School Safety Shield
Non en Meus Vigilo!

Friday, August 24, 2012

The Injustice Schools Ignore

Philadelphia, PA
From 2005-06 through 2009-10, the district reported 30,333 serious incidents, including 19,752 assaults, 4,327 weapons infractions, 2,037 drug- and alcohol-related violations, and 1,186 robberies. Students were beaten by their peers in libraries and had their hair pulled out by gangs. Teachers were assaulted more than 4,000 times.

So how has the School Reform Commission responded? By easing its student code of conduct and other disciplinary policies. In particular, the commission wants to cut down on out-of-school suspensions.

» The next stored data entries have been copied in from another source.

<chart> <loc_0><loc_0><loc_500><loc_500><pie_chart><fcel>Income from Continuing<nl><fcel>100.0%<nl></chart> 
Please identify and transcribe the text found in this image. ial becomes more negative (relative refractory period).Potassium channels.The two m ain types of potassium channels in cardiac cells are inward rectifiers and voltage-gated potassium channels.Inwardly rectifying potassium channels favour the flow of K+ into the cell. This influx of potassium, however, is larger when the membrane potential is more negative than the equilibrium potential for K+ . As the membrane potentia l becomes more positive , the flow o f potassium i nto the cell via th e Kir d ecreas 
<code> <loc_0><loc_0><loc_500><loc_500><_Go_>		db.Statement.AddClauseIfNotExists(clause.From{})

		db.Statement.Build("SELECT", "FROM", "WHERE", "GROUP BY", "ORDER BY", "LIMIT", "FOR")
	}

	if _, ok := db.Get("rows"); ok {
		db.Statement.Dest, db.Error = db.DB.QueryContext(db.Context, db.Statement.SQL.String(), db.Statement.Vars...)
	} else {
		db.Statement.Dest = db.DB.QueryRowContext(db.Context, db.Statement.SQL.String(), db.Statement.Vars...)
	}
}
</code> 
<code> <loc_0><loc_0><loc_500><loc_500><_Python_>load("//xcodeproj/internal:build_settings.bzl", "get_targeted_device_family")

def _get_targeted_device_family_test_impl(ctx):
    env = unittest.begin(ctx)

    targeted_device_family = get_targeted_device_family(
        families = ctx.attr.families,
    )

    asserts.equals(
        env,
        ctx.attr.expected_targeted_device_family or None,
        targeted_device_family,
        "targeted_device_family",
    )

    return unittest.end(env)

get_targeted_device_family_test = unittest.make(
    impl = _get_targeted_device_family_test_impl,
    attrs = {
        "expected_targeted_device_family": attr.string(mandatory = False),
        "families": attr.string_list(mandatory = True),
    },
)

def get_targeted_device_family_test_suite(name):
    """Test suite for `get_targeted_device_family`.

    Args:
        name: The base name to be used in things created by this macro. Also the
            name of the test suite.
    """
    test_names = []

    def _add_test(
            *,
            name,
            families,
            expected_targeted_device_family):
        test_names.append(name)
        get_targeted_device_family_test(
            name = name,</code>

William H. Hite Jr., the School District's incoming superintendent, shares these goals. He has argued that zero-tolerance policies can't create a school culture free of violence, saying, "We can't arrest or suspend our way to safer schools."

The School District's discipline policies have been criticized as unfairly punishing black and Latino students and creating a pipeline to prison. The activist group Youth United for Change's 2011 report "Zero Tolerance in Philadelphia" made that claim, saying that "every year, tens of thousands of young people - and especially youth[s] of color and students with disabilities - are being criminalized in Philadelphia schools or are being pushed out of school by the use of out-of-school suspensions, disciplinary transfers to alternative schools, and expulsions."

According to a recent study by the U.S. Department of Education's Office for Civil Rights, black students are more than three times as likely as their white peers to be suspended or expelled. This is especially noteworthy given that 84 percent of America's public-school teachers are white.